• **Problem description**: Only the pictures are dropped. Restate each line below word for word.

------------------------------------------------------------------------

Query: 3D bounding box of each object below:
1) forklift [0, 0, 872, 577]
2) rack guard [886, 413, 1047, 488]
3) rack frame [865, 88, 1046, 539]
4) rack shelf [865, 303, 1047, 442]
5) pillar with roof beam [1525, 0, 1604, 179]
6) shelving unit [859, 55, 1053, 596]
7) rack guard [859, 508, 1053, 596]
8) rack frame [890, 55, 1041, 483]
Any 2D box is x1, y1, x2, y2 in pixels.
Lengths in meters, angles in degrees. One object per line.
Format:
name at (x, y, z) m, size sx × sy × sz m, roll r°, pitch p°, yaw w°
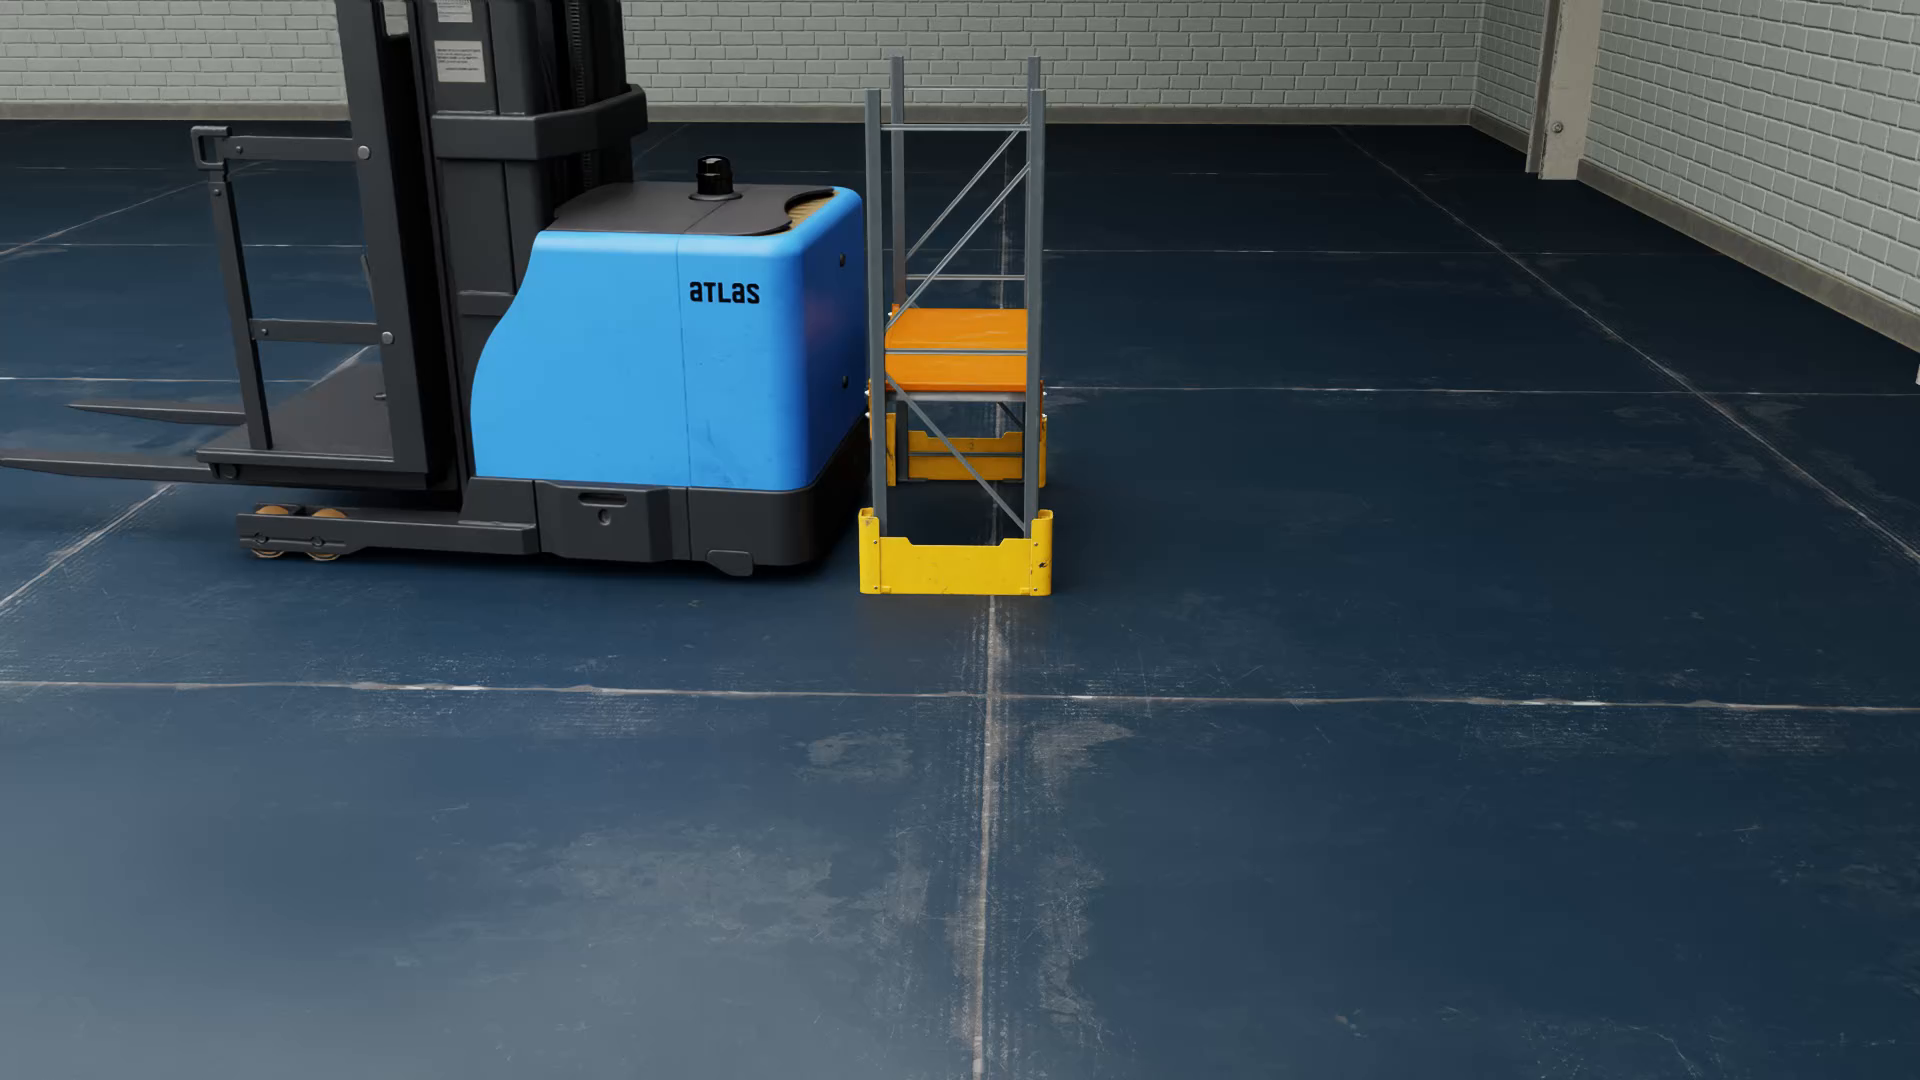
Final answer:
forklift at (-1.879, -1.482, 5.296) m, size 3.031 × 2.935 × 1.130 m, roll 3°, pitch 21°, yaw 8°
rack guard at (0.017, -0.324, 6.019) m, size 0.587 × 0.250 × 0.087 m, roll 1°, pitch 21°, yaw 2°
rack frame at (-0.013, -0.546, 4.863) m, size 0.500 × 1.500 × 0.032 m, roll 1°, pitch 21°, yaw 2°
rack shelf at (0.003, -0.562, 5.402) m, size 0.538 × 0.185 × 1.000 m, roll 1°, pitch 21°, yaw 2°
pillar with roof beam at (0.231, -7.033, 11.216) m, size 9.100 × 9.000 × 0.400 m, roll 1°, pitch 21°, yaw 2°
shelving unit at (0.002, -0.727, 5.329) m, size 0.587 × 1.500 × 1.083 m, roll 1°, pitch 21°, yaw 2°
rack guard at (-0.013, 0.036, 5.091) m, size 0.587 × 0.250 × 0.087 m, roll 1°, pitch 21°, yaw 2°
rack frame at (0.018, -0.914, 5.811) m, size 0.500 × 1.500 × 0.032 m, roll 1°, pitch 21°, yaw 2°

------------------------------------------------------------------------

• **Reply to the exercise**:
Query: 3D bounding box of each object below:
1) forklift [0, 0, 872, 577]
2) rack guard [886, 413, 1047, 488]
3) rack frame [865, 88, 1046, 539]
4) rack shelf [865, 303, 1047, 442]
5) pillar with roof beam [1525, 0, 1604, 179]
6) shelving unit [859, 55, 1053, 596]
7) rack guard [859, 508, 1053, 596]
8) rack frame [890, 55, 1041, 483]
Any 2D box is x1, y1, x2, y2 in pixels.
Lengths in meters, angles in degrees. One object per line.
Format:
name at (x, y, z) m, size sx × sy × sz m, roll r°, pitch p°, yaw w°
Final answer:
forklift at (-1.879, -1.482, 5.296) m, size 3.031 × 2.935 × 1.130 m, roll 3°, pitch 21°, yaw 8°
rack guard at (0.017, -0.324, 6.019) m, size 0.587 × 0.250 × 0.087 m, roll 1°, pitch 21°, yaw 2°
rack frame at (-0.013, -0.546, 4.863) m, size 0.500 × 1.500 × 0.032 m, roll 1°, pitch 21°, yaw 2°
rack shelf at (0.003, -0.562, 5.402) m, size 0.538 × 0.185 × 1.000 m, roll 1°, pitch 21°, yaw 2°
pillar with roof beam at (0.231, -7.033, 11.216) m, size 9.100 × 9.000 × 0.400 m, roll 1°, pitch 21°, yaw 2°
shelving unit at (0.002, -0.727, 5.329) m, size 0.587 × 1.500 × 1.083 m, roll 1°, pitch 21°, yaw 2°
rack guard at (-0.013, 0.036, 5.091) m, size 0.587 × 0.250 × 0.087 m, roll 1°, pitch 21°, yaw 2°
rack frame at (0.018, -0.914, 5.811) m, size 0.500 × 1.500 × 0.032 m, roll 1°, pitch 21°, yaw 2°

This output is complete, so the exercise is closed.